In late 2022 I had a chance to interview Martina and Hannah on why upcycling can lead the change in revolutionising the fashion industry.

GW:  My first question for you Hannah and Martina, what's the story behind Alterist?

HS: Marty and I met with an activist background, and both of us were quite disillusioned with the industry and exploitation of human rights, the overproduction and sustainability issues. Through our work, we met designers who are working within the upcycling space, and we met a lot of consumers who were disillusioned and are looking for alternatives.

We wanted to create a solution that catered to everyone, and we came together and thought about what we could do. We thought that upcycling was the best as it's got a minimal impact on the environment, it's like a phoenix from the ashes, a way to create from waste, but to create something beautiful out of it. For designers working in this field, it takes so much creativity to pull apart something that was considered a waste material and reimagine it into a new product.

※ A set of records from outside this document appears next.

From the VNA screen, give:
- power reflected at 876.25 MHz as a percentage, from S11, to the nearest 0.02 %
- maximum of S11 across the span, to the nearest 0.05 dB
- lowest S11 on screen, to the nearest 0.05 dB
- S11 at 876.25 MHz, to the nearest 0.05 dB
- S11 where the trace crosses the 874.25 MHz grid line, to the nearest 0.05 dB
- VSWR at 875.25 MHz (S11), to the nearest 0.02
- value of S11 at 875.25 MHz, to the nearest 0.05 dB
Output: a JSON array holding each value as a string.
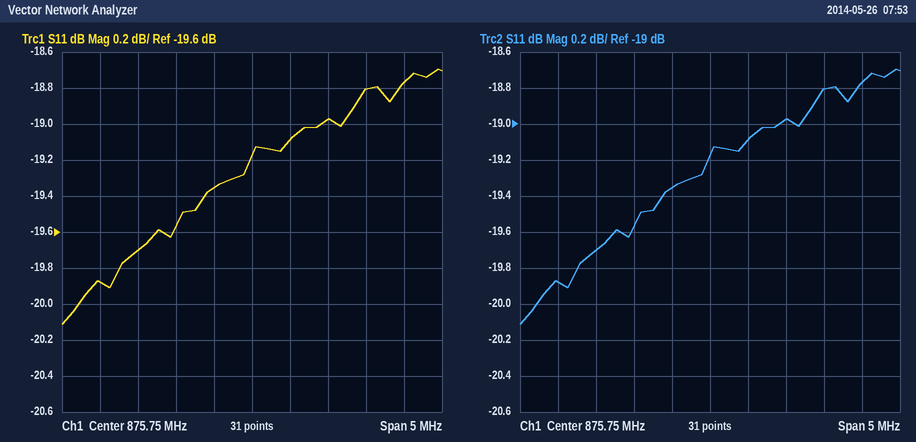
["1.24 %", "-18.70 dB", "-20.10 dB", "-19.10 dB", "-19.70 dB", "1.24", "-19.35 dB"]
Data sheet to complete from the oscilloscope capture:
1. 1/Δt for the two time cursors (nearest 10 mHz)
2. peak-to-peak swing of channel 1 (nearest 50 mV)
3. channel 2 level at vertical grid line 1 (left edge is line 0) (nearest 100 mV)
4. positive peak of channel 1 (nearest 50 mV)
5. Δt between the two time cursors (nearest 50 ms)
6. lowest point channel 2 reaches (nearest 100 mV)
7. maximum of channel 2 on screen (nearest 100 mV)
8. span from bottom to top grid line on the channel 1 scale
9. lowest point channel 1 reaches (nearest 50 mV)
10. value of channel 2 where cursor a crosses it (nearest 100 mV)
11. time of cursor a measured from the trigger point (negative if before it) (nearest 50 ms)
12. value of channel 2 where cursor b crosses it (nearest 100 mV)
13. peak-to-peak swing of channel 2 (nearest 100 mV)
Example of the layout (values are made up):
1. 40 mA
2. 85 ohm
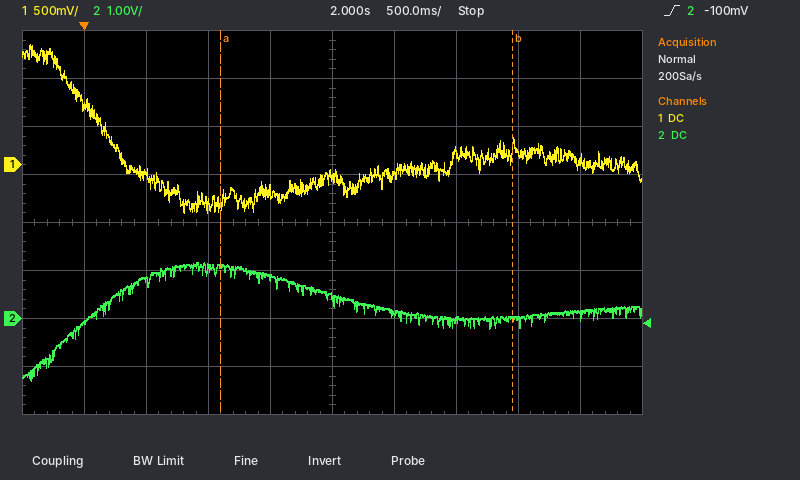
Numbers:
1. 430 mHz
2. 1.75 V
3. -100 mV
4. 1.25 V
5. 2.35 s
6. -1.3 V
7. 1.2 V
8. 4 V
9. -500 mV
10. 1.1 V
11. +1.10 s
12. 0.0 V
13. 2.5 V
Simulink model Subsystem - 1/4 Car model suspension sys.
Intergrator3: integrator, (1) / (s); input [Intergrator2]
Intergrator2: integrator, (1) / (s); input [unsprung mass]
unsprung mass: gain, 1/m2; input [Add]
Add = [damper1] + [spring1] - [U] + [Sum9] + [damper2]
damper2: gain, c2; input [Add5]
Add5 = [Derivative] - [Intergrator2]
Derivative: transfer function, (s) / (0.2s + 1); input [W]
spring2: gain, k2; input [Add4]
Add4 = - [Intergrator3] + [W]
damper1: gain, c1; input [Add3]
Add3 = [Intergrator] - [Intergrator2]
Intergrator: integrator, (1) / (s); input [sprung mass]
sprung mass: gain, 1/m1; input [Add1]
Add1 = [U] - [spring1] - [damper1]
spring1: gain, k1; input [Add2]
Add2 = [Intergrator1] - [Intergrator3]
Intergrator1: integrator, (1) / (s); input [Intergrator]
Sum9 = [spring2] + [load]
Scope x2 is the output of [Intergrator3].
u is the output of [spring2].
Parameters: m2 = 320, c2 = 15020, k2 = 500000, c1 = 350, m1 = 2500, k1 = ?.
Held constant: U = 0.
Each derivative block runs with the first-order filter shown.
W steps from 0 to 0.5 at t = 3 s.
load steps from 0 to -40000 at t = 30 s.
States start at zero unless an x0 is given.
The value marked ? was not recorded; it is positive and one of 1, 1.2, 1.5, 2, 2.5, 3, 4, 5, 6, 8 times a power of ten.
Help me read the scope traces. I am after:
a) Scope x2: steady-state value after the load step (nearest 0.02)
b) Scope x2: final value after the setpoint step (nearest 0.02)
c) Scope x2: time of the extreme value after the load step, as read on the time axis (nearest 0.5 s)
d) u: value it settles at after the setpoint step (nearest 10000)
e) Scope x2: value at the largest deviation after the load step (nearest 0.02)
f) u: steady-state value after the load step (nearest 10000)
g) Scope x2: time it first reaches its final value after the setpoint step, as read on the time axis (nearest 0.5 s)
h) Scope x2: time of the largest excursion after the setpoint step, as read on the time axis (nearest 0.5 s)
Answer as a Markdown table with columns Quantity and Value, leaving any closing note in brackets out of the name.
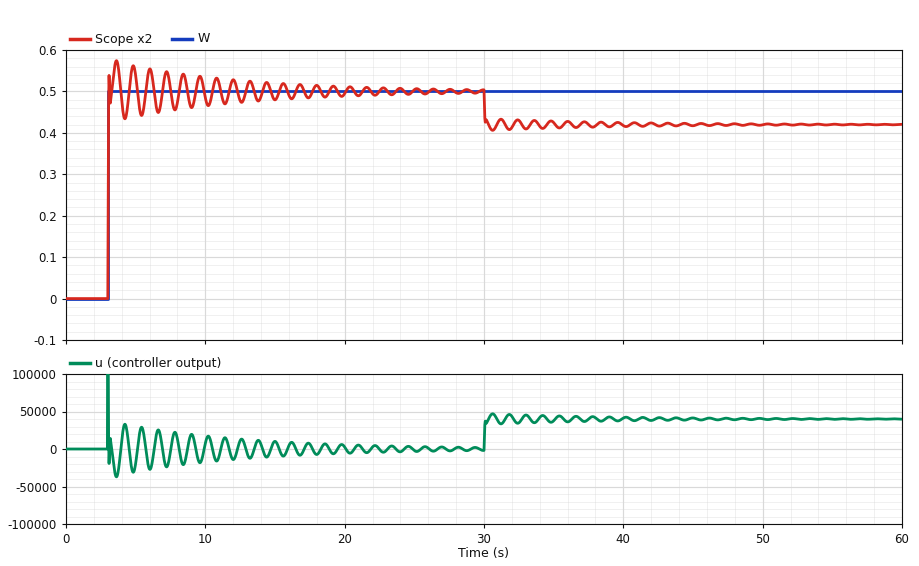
| Quantity | Value |
|---|---|
| Scope x2: steady-state value after the load step | 0.42 |
| Scope x2: final value after the setpoint step | 0.50 |
| Scope x2: time of the extreme value after the load step, as read on the time axis | 30.5 s |
| u: value it settles at after the setpoint step | 0 |
| Scope x2: value at the largest deviation after the load step | 0.40 |
| u: steady-state value after the load step | 40000 |
| Scope x2: time it first reaches its final value after the setpoint step, as read on the time axis | 3.0 s |
| Scope x2: time of the largest excursion after the setpoint step, as read on the time axis | 3.5 s |
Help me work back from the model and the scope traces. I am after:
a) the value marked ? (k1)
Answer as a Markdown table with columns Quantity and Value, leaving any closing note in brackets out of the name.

| Quantity | Value |
|---|---|
| the value marked ? | 80000 |
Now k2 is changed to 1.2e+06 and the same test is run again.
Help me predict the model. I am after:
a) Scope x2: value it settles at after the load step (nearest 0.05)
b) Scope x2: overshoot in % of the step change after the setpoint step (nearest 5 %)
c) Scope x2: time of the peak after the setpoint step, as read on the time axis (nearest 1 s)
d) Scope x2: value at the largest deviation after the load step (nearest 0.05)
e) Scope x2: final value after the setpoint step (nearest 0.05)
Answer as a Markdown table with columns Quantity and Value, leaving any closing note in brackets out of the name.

| Quantity | Value |
|---|---|
| Scope x2: value it settles at after the load step | 0.45 |
| Scope x2: overshoot in % of the step change after the setpoint step | 25 % |
| Scope x2: time of the peak after the setpoint step, as read on the time axis | 3 s |
| Scope x2: value at the largest deviation after the load step | 0.45 |
| Scope x2: final value after the setpoint step | 0.50 |
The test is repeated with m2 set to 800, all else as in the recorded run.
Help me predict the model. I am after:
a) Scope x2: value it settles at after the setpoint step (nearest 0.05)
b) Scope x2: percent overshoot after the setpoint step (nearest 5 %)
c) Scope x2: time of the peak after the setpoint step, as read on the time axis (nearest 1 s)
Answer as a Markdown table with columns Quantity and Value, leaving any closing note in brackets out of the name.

| Quantity | Value |
|---|---|
| Scope x2: value it settles at after the setpoint step | 0.50 |
| Scope x2: percent overshoot after the setpoint step | 25 % |
| Scope x2: time of the peak after the setpoint step, as read on the time axis | 3 s |
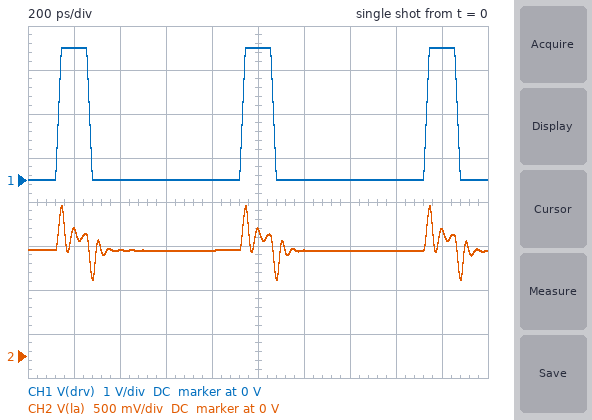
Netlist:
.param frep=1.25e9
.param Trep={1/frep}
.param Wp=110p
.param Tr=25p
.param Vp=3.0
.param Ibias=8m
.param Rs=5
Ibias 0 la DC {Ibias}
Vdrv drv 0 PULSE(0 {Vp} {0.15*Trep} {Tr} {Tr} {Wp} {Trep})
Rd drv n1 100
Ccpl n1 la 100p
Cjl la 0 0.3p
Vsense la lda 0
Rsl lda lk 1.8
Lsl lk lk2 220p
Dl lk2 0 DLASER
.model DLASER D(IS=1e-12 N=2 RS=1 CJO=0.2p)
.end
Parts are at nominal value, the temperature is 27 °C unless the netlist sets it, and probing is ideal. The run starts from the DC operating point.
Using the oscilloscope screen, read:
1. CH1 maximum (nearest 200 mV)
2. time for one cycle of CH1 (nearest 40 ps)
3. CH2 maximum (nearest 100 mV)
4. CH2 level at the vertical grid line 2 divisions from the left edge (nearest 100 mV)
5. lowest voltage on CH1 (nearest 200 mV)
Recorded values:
3.0 V
800 ps
1.7 V
1.2 V
0 V
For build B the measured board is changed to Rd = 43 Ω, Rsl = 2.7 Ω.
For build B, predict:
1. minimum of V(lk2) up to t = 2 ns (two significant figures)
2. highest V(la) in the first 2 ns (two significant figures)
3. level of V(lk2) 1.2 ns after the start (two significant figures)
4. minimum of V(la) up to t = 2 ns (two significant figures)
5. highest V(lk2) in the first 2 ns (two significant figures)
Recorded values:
1.0 V
2.2 V
1.2 V
610 mV
1.4 V
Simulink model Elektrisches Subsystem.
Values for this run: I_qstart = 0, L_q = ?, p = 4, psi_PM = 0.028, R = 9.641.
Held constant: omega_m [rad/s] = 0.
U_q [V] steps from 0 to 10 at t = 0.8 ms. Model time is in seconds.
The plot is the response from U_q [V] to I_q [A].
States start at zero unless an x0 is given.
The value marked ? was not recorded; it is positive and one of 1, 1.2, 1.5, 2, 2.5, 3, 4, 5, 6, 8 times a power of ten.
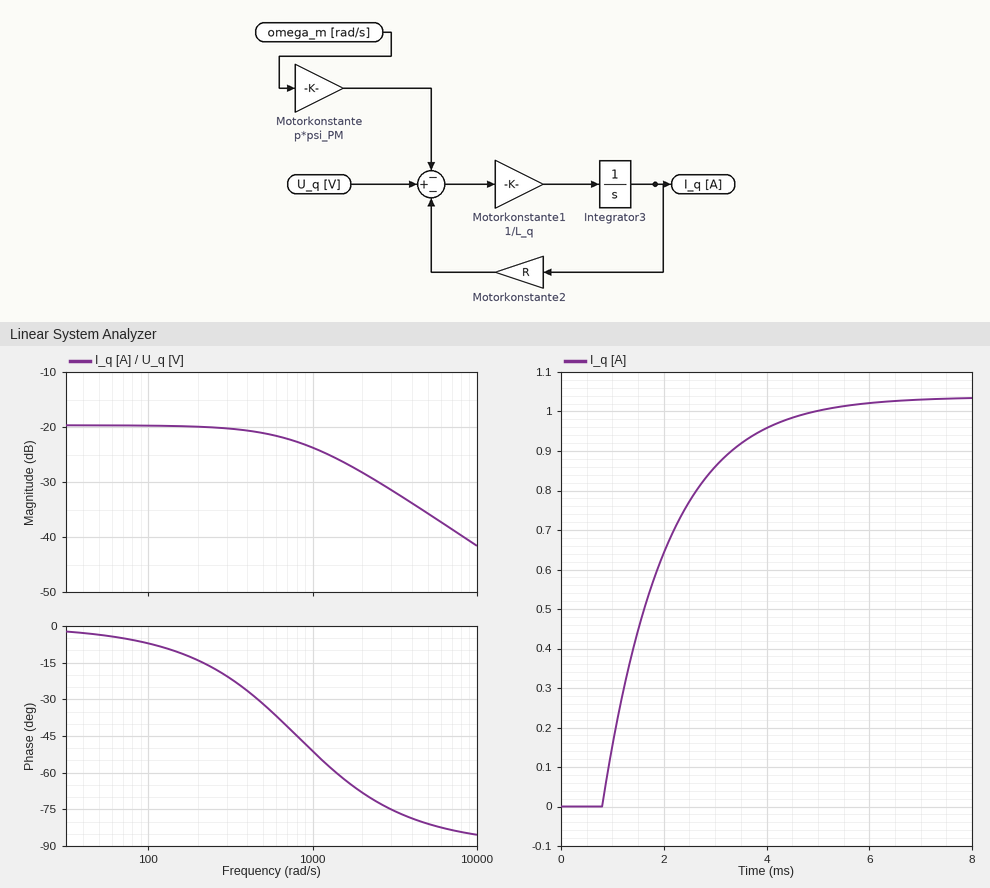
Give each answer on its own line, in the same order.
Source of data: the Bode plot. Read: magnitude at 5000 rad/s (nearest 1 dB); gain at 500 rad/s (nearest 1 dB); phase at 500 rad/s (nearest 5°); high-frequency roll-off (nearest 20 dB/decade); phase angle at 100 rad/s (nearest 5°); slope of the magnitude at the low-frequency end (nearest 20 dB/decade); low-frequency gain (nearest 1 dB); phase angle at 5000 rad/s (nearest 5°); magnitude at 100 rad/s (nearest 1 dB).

-36 dB
-21 dB
-30°
-20 dB/decade
-5°
0 dB/decade
-20 dB
-80°
-20 dB
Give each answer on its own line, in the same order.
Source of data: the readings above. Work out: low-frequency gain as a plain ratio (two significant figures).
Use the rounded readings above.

0.10
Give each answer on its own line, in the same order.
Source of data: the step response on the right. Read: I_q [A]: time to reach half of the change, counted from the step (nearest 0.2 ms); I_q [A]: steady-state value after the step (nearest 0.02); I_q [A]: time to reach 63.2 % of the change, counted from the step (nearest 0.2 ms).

0.8 ms
1.04
1.2 ms
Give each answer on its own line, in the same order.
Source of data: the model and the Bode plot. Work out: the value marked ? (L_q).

0.012

We saw upcycling as this beautiful way to participate in the world of fashion, but of guilt free and through a more sustainable lens. We decided to create a marketplace and a space for all these designers. It was born out of our own personal frustrations and the passion to do something within the fashion space that was creating good.

 
 
 

Alterist Marketplace - The Home Of Upcycled fashion

 
 
 

GW: Amazing! What about you Martina? Is there anything you'd like to add? 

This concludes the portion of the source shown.